A intenção do Governo em cortar na despesa do SNS em 1,6% torna-se uma meta quase impossível
Foto: Orlando Almeida
O Serviço Nacional de Saúde (SNS) vai ter o maior défice de sempre quando chegar a 31 de dezembro, apesar das injeções de milhões de euros do Governo durante o ano. Em 2026, a ministra da Saúde, Ana Paula Martins, prepara-se para cortar na despesa, mesmo com toda a polémica associada.
Segundo dados da síntese da execução orçamental de outubro, a dois meses do final de 2025, o SNS está a 130 milhões de euros de bater o défice que já foi recorde o ano passado, com 1 377 milhões de euros. A Entidade Orçamental do Ministério das Finanças indica que o organismo acumulou um défice de 1 246 milhões de euros desde janeiro até outubro, o que bate de longe da concretização das previsões do Governo, quando aprovou o Orçamento do Estado para este ano, que previa um aumento da despesa corrente da Saúde de 5,7%, abaixo dos 6,6% de subida de receita.
Mas o que está acontecer é exatamente o contrário: os gastos correntes estão a subir 10,2% e as receitas 6,1%, a ritmos completamente contrários às previsões, pelo que será natural que cheguemos a 31 de dezembro com um novo défice recorde.
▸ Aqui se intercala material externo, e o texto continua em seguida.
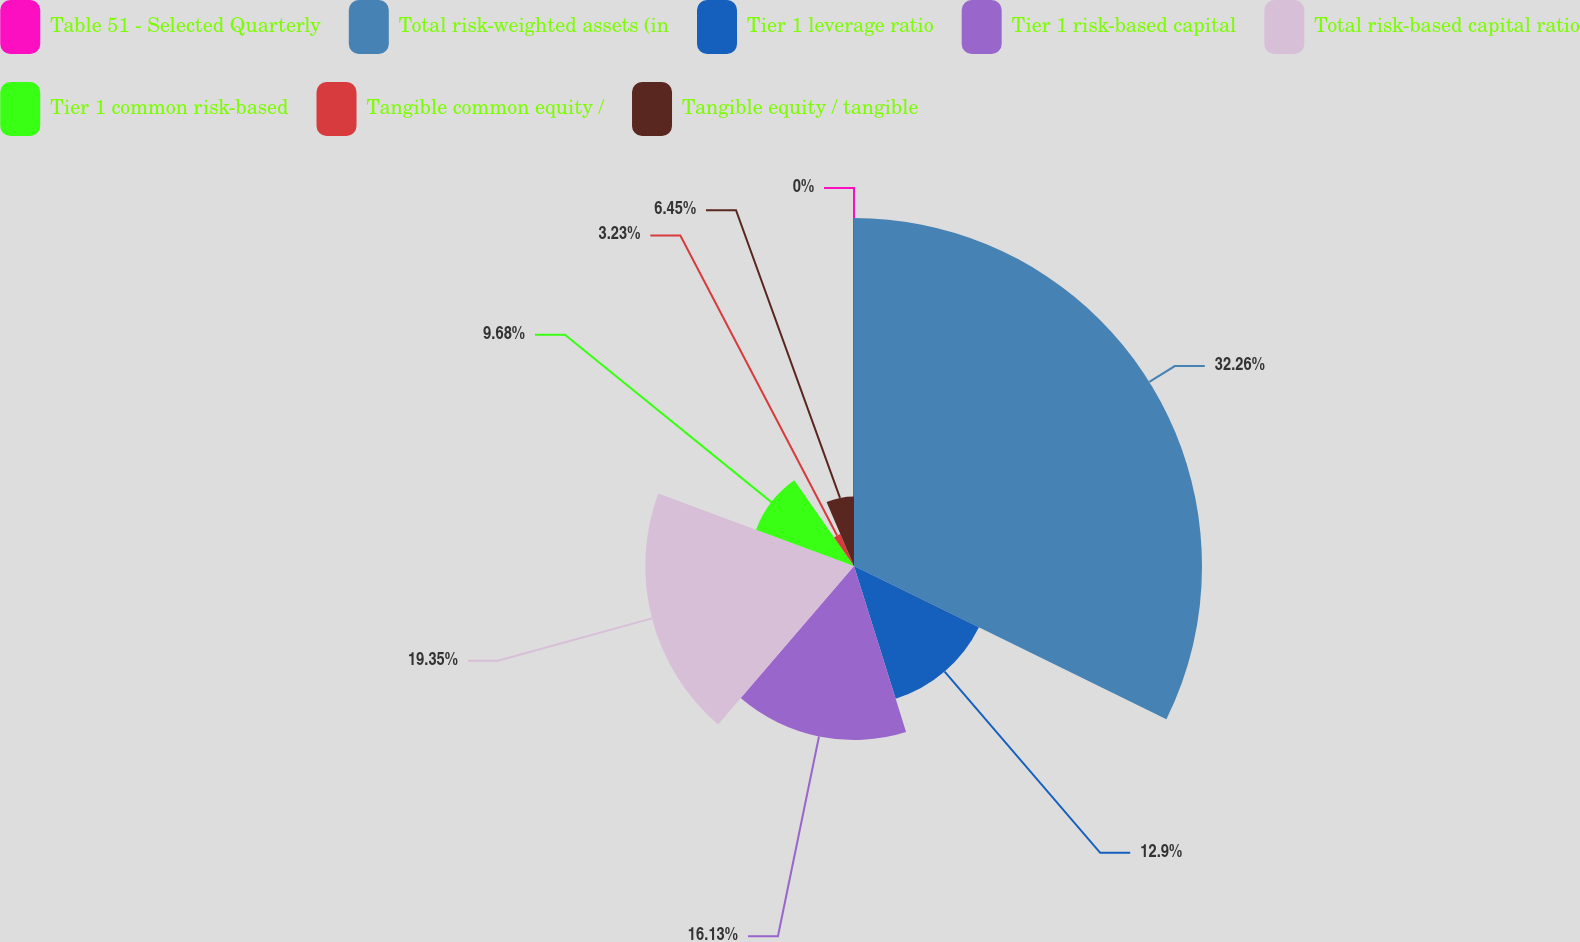Convert chart. <chart><loc_0><loc_0><loc_500><loc_500><pie_chart><fcel>Table 51 - Selected Quarterly<fcel>Total risk-weighted assets (in<fcel>Tier 1 leverage ratio<fcel>Tier 1 risk-based capital<fcel>Total risk-based capital ratio<fcel>Tier 1 common risk-based<fcel>Tangible common equity /<fcel>Tangible equity / tangible<nl><fcel>0.0%<fcel>32.26%<fcel>12.9%<fcel>16.13%<fcel>19.35%<fcel>9.68%<fcel>3.23%<fcel>6.45%<nl></chart>

As contas não são piores porque o Governo tem feito várias injeções de capital no SNS à margem do Orçamento, batendo também outro recorde: 1 378 milhões de euros até novembro. Este dinheiro tem sido destinado ao pagamento de dívidas em atraso aos fornecedores, mas também a gastos com pessoal, que seguem a subir 11,2% ou mais 592 milhões de euros, remunerações que serão certas e permanentes todos os anos.
Entre os motivos que levaram ao aumento da despesa destacam-se as valorizações remuneratórias aplicadas ao funcionamento das unidades de saúde familiar, à dedicação plena no SNS, alterações da estrutura remuneratória das carreiras especiais médica, enfermagem e farmacêutica ou o suplemento aos médicos para assegurar o funcionamento dos serviços de urgência.
Cortar na despesa
Com estes dados em cima da mesa, a intenção do Governo em cortar na despesa do SNS em 1,6% torna-se uma meta quase impossível, apesar de a ministra da Saúde, Ana Paula Martins, confiar no trabalho do juiz Carlos Alexandre para combater a fraude no sistema, com que estima poupar 800 milhões de euros em três anos de mandato, e de ter indicado à Direção Executiva do SNS uma redução das despesas em 10% em fornecimentos e serviços externos, sendo que os hospitais não poderão ultrapassar a produção registada este ano, mesmo que isso implique abrandar o ritmo de consultas e cirurgias.
A 29 de outubro, o jornal "Público" dava conta que a orientação foi transmitida aos administradores das Unidades Locais de Saúde e que o corte abrange compras de medicamentos, material clínico, contratação de tarefeiros e exames realizados no setor convencionado. O objetivo é compensar o aumento de 5% na despesa com pessoal, estimado em mais 370 milhões de euros devido à valorização das carreiras e aos aumentos salariais da função pública.
Por os hospitais não poderem ultrapassar a produção registada em 2025, espera-se um agravamento das listas de espera. No final de junho, quase um milhão de utentes aguardavam por uma primeira consulta, mais 25% do que no ano anterior, e a espera por cirurgias oncológicas subiu 4,7%. Além dos cortes, foi também transmitida a orientação para "contratações zero" em 2026, agravando as preocupações com a capacidade de resposta do SNS no próximo ano.